白玉芬急着劝慰安妮,反倒把安妮经常出入洋人教堂、似乎有些不合规矩的事儿丢到了一边。
“不会的,不管我多能干、对人多好,他们当时可能会谢我,可等事情过去之后,他们该怎么瞧不上我,还是会瞧不上我。”
安妮失落的摇了摇头。
这倒也不是她以最大的恶意去揣测别人,而是事实。
在原剧情中,鬼畜入侵华国,白家的生意都受到了影响,偌大一个大宅门,除了一个七爷,竟没人敢去外面置办药材。
还是杨九红临危受命,又靠着从田木那儿学来的日语,惊中有险的把药材买了回来。
还有白敬业不正干,又赌又嫖的花光了身上的钱还被人扣住了,白景琦一时都拿出钱来赎人,还是杨九红拿出了自己放印子钱赚的钱,才把这事儿了结了。
撇开杨九红放印子钱这件事对不对不提,单是她的这份心意,就能看出,她骨子里还是善良的,而且对大宅门有归属感,也真的心疼七爷,不忍心看他作难。
杨九红对于白家来说,绝对是有功之臣。
然而,事情过了,众人便把她的功劳给忘了,该怎么嫌弃还是会继续嫌弃,并拿二老太太死都不让杨九红戴孝这件事来嘲笑她、挤兑她。
“九红,你也不用想这么多,踏踏实实的先把孩子养大了,等你的儿子有了出息,外人自然不敢小瞧你。”
白玉芬实在不知该劝些什么,别说外面的人对杨九红有歧视了,就是她自己,提到杨九红第一个反应也是她曾艳名远扬,是济南府最漂亮的窑姐儿。
这种偏见,真是已经深入到了人的骨子里,就算理智提醒不对,可还是会忍不住的这么想。
“就是为了孩子,我才不愿整天呆在一个会笑话我、看不起我的地方。”
安妮却执拗的摇了摇头,“我已经这样了,我的儿子却还小,我不能让他从小就听那些污言秽语。”
“玉芬,我发现,其实洋人也没有传说当中的吓人。他们也都是一个鼻子两个眼睛的普通人,饿了要吃饭,困了想睡觉。”
“不过啊,人家洋人比咱们单纯、直接,不会死死抓着我的过去不放,而是对我非常尊敬。”

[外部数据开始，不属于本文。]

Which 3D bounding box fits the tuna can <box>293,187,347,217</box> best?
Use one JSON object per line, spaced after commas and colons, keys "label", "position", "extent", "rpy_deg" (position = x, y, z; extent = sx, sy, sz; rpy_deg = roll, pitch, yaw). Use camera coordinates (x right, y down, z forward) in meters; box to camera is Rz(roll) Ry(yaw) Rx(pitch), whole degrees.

“当然,也有可能跟我出手阔绰有关。可这又算什么,我手里又不是没有钱。同样是花钱,有的人用着我的钱,却还背地里笑话我是窑姐儿。”
“人家洋人就不一样了,表里如一,对我也是真的看重。”
白玉芬没再提去教堂的事,安妮却主动提及了。
她提到这些的时候,眼睛都变得格外明亮,整个人更是看着神采飞扬,仿佛变了一个人一样。

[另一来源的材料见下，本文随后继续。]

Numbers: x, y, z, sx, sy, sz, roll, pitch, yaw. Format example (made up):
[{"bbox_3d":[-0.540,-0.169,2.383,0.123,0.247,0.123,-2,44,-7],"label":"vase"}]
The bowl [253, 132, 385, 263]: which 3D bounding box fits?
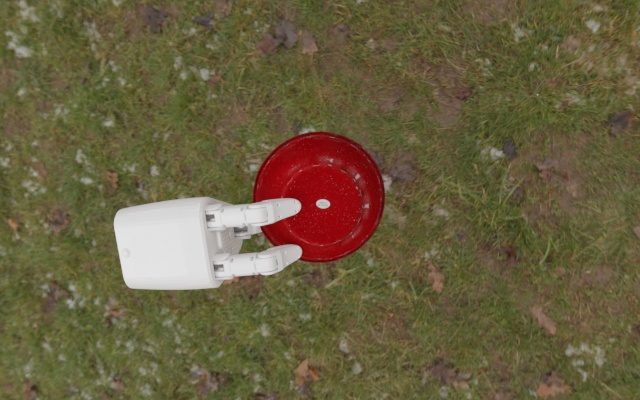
[{"bbox_3d":[0.001,0.001,0.554,0.162,0.162,0.055,0,9,-3],"label":"bowl"}]

她忘了京里的种种不堪,也忘了自己受到的气势,似乎又变成了那个明艳快乐的杨九红。
定定的看着安妮好久,白玉芬才幽幽的叹了一口气,“只要你高兴就行。”
反正老七有钱,养得起一个乐于给教堂捐钱的姨奶奶!
“太不可思议了,杨女士,您真是一个语言天才啊。”
汉斯有些惊讶的看着安妮,这才短短两三个月的时间,安妮竟学会了德语。
虽然,只是一些日常的简单交流,可对于一个没读过什么书、更是头一次接触外语的人来说,已经十分不简单了。
“神父,都是您教的好。”
安妮本人精通好几门外语,其中,她的德语更是到了精通的地步。
别说简单的日常用语了,就是让她用德语写专业的论文,也没问题。
不过,她现在穿越的可是杨九红,一个没读过书、大字都不识几个的从良窑姐儿,自然不能轻易露馅。
但,安妮觉得,杨九红本人应该也是个非常聪明的女人,或许也有学习外语的天赋。
否则,大宅门里那么多女眷跟田木妻子打交道,却只有一个杨九红学会了日语呢?!
安妮只需在刻苦学习的时候,略略提升一下速度,让汉斯觉得意外的同时,又会把她往“有天赋”上去想,那就足够了。
果然,经过这两个来月的表演,汉斯确信这位教堂新晋金主,是个极聪明、且又有语言天赋的人。
“不是,不是,这跟我没有关系,杨女士,您是个语言天才。”
歪果仁本来就耿直,汉斯更有着德国人特有的严谨,他认真的说道,“杨女士,我已经没有什么可教您的了。如果你想要更进一步的学习,就需要换个地方了。”
汉斯虽然有些舍不得失去杨女士这样一个有善心、又有钱的教友,但他的耿直却让他说不出违心的话。
“怎么会没有?”
安妮却故意瞪大了眼睛,故作急切的说道,“不瞒您说,我还想跟您学习医术呢。当初我来教堂找你,也早就说过了,想跟着您学医。”
“啊?杨女士,您还真想学医啊。要知道,我们西医跟你们中医可不一样,不是弄一些草根树皮,而是像我救你那次一样,需要拿着手术刀开膛破肚——”
在华国待了十多年,汉斯也知道了彼时华国人的思想。
他们讲究什么“身体发肤受之父母”,平日里连头发都不敢轻易剪,就更不用说容许一个大夫在自己身体上割来割去了。
当时听安妮说想来教堂“请教医术”,汉斯只当这是一种华国式的客套。
等安妮真的来了教堂,汉斯也是有目的的把她往教义、甚至是外语上引导。
西医什么的,真心不适合一个保守、传统的华国女人。
“您可能不知道,我的丈夫就是一个中医,他的家族更是传承了一百多年的中药世家。”
安妮带着些许伤感,“只可惜我并不是我丈夫的妻子,且因为过去的经历,而不被夫家接纳,所以才会一个人挺着大肚子回到济南。”
“中医?”汉斯有些好奇。
在他们这些歪果仁看来,华国的中医就像中世纪的巫师,总是用一些奇奇怪怪的东西熬煮一大锅黑漆漆的汤汁。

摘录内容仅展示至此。